Prof. Dr. Akalın, 1 Aralık Dünya AIDS Günü ötürüsıyla yaptığı yazılı açıklamada, birinci vakit içinderda 1981 yılında tanımlanan Edinsel İmmün Yetmezlik Sendromu’nun (AIDS), bir pandemi haline geldiğini ve hala de bu türlü devam ettiğini belirtti.
Akalın, HIV enfeksiyonunun en sık cinsel temas ve damar içi uyuşturucu kullananlarda tıpkı enjektörün paylaşılması ile bulaştığını tabir ederek, “Bunun yanı sıra kan transfüzyonu, organ transplantasyonu, HIV ile yaşayan anniçin bebeğe ve sıhhat çalışanlarında mesleksel maruziyet daha sonrası bulaşma olabilir.” dedi.

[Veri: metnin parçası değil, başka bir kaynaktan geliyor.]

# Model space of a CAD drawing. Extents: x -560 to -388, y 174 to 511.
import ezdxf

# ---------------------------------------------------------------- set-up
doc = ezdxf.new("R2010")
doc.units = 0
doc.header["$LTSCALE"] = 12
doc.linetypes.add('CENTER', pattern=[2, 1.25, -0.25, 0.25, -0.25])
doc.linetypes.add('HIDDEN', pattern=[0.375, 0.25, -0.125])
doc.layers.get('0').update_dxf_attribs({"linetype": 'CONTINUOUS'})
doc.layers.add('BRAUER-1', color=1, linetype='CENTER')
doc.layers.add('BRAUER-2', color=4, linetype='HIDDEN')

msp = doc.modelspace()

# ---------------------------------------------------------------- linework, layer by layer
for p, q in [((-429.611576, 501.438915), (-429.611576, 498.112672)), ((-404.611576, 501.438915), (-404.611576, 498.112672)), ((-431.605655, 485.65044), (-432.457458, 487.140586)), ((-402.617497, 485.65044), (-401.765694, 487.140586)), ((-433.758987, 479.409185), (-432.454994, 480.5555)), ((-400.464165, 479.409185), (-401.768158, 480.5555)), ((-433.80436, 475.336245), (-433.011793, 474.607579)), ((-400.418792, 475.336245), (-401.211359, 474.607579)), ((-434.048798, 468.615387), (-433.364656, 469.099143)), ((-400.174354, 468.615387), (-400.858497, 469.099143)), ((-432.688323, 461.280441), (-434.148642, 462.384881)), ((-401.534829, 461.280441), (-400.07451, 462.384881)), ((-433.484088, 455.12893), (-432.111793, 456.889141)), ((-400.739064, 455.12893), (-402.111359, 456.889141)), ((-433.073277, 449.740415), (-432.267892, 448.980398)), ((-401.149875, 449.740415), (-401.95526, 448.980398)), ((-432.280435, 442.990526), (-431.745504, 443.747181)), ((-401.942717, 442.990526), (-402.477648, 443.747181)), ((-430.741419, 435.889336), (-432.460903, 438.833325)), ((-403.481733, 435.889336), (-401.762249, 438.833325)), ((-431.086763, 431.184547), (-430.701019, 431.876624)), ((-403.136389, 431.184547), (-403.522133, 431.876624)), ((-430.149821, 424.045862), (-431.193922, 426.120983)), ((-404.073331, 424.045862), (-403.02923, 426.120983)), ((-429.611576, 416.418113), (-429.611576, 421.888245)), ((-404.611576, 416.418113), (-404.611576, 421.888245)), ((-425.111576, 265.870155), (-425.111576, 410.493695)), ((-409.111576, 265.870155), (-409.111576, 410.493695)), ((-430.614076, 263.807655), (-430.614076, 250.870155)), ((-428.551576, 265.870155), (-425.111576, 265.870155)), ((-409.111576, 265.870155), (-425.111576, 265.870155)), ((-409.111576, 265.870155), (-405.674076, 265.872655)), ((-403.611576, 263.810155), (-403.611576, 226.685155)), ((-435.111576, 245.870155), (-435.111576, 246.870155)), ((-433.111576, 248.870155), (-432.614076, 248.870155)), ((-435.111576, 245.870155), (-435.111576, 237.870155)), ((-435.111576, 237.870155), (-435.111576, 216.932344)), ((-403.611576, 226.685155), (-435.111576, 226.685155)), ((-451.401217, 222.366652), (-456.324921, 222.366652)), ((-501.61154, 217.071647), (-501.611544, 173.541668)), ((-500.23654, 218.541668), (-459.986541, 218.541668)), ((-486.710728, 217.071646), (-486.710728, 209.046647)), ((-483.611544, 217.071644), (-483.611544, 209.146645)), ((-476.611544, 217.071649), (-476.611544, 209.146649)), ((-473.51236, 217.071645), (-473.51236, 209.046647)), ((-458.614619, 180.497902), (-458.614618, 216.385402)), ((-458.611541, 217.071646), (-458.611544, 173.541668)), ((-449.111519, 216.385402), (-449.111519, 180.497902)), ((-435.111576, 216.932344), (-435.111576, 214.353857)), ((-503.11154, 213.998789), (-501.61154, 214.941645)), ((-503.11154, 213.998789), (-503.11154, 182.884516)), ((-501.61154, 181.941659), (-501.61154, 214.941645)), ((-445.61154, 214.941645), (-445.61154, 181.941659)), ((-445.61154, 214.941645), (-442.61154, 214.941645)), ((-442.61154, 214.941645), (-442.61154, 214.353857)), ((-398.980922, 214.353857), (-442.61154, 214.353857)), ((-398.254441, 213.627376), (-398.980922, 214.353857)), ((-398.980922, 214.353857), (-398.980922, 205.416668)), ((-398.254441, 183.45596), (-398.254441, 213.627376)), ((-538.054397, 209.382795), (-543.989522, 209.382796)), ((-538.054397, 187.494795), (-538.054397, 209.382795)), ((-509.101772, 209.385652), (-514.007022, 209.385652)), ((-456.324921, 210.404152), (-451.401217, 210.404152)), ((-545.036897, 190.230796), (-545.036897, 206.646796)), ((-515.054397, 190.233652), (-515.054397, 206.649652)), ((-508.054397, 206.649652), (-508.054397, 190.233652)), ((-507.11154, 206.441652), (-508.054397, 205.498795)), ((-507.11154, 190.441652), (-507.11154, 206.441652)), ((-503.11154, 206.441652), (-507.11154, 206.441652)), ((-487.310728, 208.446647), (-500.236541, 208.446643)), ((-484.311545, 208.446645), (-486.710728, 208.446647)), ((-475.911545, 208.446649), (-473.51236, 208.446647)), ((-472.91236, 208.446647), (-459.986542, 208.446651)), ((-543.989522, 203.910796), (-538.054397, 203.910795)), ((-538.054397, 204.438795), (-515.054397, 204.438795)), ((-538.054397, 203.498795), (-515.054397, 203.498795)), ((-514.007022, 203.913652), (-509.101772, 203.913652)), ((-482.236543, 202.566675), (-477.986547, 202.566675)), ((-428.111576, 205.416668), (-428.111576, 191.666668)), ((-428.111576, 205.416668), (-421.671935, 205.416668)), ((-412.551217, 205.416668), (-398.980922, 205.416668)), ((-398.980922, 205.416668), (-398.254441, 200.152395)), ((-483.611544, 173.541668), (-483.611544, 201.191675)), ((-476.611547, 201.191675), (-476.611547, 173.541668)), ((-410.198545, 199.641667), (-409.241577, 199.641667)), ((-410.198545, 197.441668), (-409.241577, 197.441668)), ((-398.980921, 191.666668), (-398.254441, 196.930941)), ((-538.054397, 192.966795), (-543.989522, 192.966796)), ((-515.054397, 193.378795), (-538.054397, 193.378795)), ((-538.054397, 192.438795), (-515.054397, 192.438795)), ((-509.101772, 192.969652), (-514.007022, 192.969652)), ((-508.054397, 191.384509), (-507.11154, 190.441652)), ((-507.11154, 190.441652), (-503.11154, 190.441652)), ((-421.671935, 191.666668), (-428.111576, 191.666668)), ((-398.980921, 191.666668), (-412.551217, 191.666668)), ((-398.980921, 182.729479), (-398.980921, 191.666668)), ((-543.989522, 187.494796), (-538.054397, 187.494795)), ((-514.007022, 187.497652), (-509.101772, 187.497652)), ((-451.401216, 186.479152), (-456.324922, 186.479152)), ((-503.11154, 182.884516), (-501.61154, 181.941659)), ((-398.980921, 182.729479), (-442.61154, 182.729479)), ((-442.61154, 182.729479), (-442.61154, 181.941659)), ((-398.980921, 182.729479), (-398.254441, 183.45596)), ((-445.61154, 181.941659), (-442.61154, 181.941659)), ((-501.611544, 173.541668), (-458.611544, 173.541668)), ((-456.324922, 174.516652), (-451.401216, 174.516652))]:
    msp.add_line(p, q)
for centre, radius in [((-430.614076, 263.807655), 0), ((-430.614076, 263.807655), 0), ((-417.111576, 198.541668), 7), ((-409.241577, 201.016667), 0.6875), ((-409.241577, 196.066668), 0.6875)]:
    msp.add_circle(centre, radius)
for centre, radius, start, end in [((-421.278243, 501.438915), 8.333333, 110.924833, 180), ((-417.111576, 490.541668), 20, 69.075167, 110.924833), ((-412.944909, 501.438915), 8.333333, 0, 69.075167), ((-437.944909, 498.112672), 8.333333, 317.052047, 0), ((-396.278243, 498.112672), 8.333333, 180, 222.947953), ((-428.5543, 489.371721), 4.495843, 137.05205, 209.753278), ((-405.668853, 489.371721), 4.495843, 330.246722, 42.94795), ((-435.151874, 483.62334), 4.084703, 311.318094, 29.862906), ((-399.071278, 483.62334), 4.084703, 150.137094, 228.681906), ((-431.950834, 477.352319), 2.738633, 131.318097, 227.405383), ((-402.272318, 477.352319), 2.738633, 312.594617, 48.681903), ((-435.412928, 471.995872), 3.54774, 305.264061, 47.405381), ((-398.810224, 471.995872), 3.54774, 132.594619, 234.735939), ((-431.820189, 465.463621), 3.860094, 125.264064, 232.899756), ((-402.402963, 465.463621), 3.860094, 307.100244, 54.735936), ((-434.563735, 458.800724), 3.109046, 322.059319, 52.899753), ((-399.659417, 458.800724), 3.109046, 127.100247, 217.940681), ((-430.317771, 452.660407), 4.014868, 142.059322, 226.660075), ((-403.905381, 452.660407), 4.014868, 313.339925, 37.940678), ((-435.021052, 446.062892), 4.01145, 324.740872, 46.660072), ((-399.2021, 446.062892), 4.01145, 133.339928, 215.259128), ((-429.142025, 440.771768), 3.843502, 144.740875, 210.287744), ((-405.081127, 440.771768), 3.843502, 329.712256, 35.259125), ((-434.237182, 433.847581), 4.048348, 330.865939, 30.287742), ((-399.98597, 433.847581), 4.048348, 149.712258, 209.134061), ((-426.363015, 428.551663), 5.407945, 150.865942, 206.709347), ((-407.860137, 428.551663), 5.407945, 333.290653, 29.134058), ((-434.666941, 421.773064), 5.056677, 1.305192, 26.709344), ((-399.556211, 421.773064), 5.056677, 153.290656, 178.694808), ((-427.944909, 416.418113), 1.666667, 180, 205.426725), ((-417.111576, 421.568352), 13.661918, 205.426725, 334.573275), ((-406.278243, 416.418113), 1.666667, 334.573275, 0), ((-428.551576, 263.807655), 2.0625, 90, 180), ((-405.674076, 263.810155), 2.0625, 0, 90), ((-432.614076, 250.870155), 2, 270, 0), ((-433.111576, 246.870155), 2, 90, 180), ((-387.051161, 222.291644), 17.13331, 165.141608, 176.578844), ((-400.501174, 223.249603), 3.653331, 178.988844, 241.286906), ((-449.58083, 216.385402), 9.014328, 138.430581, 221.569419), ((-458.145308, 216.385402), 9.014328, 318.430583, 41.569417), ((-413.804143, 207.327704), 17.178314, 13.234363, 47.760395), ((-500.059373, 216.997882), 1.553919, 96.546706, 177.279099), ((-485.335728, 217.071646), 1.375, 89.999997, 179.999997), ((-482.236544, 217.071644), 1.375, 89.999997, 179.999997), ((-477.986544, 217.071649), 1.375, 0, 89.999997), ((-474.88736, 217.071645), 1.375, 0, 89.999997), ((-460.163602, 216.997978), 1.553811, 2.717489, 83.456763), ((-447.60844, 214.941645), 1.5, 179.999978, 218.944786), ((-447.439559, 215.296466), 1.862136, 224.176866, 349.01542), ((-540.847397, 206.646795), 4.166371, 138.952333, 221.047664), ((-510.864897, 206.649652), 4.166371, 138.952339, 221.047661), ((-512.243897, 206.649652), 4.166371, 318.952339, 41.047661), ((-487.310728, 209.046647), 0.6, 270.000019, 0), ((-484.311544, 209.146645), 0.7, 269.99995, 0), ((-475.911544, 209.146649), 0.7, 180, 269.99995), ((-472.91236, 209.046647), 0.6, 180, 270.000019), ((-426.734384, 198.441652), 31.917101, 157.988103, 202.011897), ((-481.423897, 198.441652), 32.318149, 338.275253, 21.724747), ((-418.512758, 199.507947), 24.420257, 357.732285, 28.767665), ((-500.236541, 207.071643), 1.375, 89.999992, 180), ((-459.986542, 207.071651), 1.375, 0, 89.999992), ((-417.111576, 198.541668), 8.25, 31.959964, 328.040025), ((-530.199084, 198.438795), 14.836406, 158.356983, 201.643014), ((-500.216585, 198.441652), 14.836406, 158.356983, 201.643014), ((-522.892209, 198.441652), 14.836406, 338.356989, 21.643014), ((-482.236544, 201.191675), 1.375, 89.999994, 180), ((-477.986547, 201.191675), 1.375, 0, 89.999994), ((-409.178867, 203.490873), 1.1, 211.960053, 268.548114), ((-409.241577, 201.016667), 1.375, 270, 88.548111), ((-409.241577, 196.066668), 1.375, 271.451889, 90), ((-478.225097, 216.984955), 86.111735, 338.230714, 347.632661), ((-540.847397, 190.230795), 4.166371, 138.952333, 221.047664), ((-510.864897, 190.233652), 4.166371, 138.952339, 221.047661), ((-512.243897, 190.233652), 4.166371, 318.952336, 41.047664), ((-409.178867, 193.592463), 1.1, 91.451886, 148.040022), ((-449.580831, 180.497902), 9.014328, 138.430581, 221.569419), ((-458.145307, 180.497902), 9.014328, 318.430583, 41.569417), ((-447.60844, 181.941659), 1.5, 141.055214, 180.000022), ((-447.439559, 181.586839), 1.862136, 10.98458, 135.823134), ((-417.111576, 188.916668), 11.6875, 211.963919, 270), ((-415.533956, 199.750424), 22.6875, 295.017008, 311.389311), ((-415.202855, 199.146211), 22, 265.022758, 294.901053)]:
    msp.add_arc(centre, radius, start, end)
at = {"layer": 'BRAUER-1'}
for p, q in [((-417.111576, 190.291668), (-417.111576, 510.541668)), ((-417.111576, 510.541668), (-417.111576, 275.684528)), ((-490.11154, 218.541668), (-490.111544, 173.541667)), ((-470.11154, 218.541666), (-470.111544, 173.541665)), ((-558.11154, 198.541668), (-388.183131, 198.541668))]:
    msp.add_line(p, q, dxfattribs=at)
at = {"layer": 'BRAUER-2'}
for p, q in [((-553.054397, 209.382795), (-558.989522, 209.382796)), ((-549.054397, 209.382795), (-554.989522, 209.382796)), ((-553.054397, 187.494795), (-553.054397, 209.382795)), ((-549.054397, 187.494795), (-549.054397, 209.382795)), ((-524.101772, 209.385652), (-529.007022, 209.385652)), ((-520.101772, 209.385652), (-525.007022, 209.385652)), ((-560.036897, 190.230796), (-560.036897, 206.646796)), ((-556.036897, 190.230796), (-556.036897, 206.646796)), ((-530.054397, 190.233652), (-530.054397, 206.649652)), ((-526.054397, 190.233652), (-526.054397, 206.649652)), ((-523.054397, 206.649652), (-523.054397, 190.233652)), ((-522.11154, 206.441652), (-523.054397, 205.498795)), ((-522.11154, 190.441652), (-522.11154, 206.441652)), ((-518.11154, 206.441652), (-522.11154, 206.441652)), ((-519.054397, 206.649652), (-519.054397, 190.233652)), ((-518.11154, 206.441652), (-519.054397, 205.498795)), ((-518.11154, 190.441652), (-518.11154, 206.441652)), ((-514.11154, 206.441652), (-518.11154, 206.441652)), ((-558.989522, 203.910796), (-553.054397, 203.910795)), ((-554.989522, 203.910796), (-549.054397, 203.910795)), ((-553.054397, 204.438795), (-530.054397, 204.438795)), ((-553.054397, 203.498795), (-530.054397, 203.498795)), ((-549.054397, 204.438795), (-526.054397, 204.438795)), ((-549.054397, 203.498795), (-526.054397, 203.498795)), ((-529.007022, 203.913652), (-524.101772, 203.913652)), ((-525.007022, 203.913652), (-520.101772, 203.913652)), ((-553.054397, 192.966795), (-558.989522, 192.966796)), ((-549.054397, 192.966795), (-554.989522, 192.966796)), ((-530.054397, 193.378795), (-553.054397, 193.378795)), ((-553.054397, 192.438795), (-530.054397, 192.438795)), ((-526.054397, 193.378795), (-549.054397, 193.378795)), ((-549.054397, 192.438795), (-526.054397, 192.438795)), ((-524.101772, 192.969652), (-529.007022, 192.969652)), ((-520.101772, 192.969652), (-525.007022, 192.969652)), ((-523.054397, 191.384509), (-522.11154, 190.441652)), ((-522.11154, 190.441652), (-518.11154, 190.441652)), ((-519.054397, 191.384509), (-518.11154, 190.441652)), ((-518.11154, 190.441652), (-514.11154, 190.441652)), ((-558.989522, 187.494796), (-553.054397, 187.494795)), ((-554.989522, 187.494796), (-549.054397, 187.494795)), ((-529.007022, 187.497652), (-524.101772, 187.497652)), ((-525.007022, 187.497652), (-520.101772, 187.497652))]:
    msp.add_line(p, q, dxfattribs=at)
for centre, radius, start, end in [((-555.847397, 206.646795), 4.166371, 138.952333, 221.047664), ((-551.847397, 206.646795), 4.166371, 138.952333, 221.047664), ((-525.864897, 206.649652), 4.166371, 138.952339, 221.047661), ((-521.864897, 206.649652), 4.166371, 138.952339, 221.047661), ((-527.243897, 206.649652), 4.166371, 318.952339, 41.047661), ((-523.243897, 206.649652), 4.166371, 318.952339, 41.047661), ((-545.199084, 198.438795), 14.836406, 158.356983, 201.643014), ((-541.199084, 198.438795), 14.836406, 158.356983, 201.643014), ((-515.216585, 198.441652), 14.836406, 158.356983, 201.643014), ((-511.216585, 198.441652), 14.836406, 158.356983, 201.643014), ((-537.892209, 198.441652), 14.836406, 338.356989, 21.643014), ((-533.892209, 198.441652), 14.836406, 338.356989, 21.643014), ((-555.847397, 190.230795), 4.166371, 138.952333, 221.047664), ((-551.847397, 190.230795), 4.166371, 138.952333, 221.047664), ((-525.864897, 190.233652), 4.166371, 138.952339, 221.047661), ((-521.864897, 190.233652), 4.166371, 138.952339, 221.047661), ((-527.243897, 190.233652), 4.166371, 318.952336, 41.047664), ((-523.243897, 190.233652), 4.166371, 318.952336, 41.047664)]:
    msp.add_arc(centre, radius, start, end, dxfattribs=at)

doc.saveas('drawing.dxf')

Türkiye’de HIV virüsü ile yaşayanların en ağır oldukları yaş aralığının 20-45 olduğunu aktaran Akalın, son senelerda resmi kayıtlara giren HIV virüslü kişi sayısının azalmasının ise test yaptırma imkanlarının Kovid-19 salgınından olumsuz etkilenmesine bağlandığını, 2023 yılında bu artış ivmesinin olağana dönmesinin beklendiğini bildirdi.
Akalın, bu artışın önüne geçebilmek için cinsel yolla bulaşan enfeksiyonlardan korunma konusunda şuurun artırılması gerektiğini kaydetti.
HIV enfeksiyonu ile AIDS’in tıpkı olmadığına dikkati çeken Akalın, şu biçimde devam etti:
“HIV bedene girdikten daha sonra ekseriyetle viral bir üst teneffüs yolu enfeksiyonu üzere seyreden akut periyodunu, kronik enfeksiyon periyodu izler. bu vakitte de HIV enfeksiyonundan şüphelenebileceğimiz ağızda yinelayan mantar enfeksiyonları, gece yanığı (zona) üzere hastalıklar oluşabilir. HIV bedene girdikten daha sonra bağışıklık sisteminin hücrelerini vakit ortasında direkt ve dolaylı olarak hasara uğratır, azaltır ve bağışıklık sistemini zayıflatır.”
Prof. Dr. Akalın, bu bağışıklık sistemi hücrelerinin sayısının da aşikâr bir oranın altına düşmesi ile AIDS periyodunun başladığına işaret ederek, “HIV enfeksiyonu şayet vaktinde tanınarak tedavi edilmezse yaklaşık 8-10 yıllık müddet ortasında bu periyoda ulaşılır. Bağışıklık sisteminin güzelce zayıfladığı bu vakitte, bağışıklık sisteminin olağan olduğu şahıslarda hastalık yapmayan ya da sık görülmeyen mikroorganizmaların yaptığı fırsatçı enfeksiyonlar ve kaposi sarkomu, lenfoma üzere kanserler gelişir.” bilgisini verdi.
– “2021’de 1,5 milyon yeni HIV enfeksiyonu saptandı”
2021 sonu itibariyle dünyada 38,4 milyon HIV enfeksiyonu ile yaşayan kişi olduğunun kestirim edildiğini belirten Akalın, şunları kaydetti:
“Günümüze kadar yaklaşık 40 milyon kişi, AIDS ya da AIDS ile bağlı fırsatçı enfeksiyon ya da kanserlerden kaybedilmiştir. 2021 yılında 1,5 milyon yeni HIV enfeksiyonu saptanmış olup, AIDS ve AIDS ile bağlantılı komplikasyonlar niçiniyle 650 bin kişi hayatını yitirmiştir. Ülkemizde 2021 yılı sonu itibariyle Sıhhat Bakanlığı resmi kayıtlarında 26 bini erkek, 32 bin 376 kişi HIV ile yaşıyor olarak raporlanmıştır. Hastalığını bilmeyen şahısların olma mümkünlüğünün yüksek olması niçiniyle ülkemizde HIV ile yaşayanların sayısının 65-70 bin içinde olduğu kestirim edilmektedir ve Dünya Sıhhat Örgütü’nün iddiası de bu istikamettedir. “
Haber Sitelerinden Alıntı Yapılmıştır.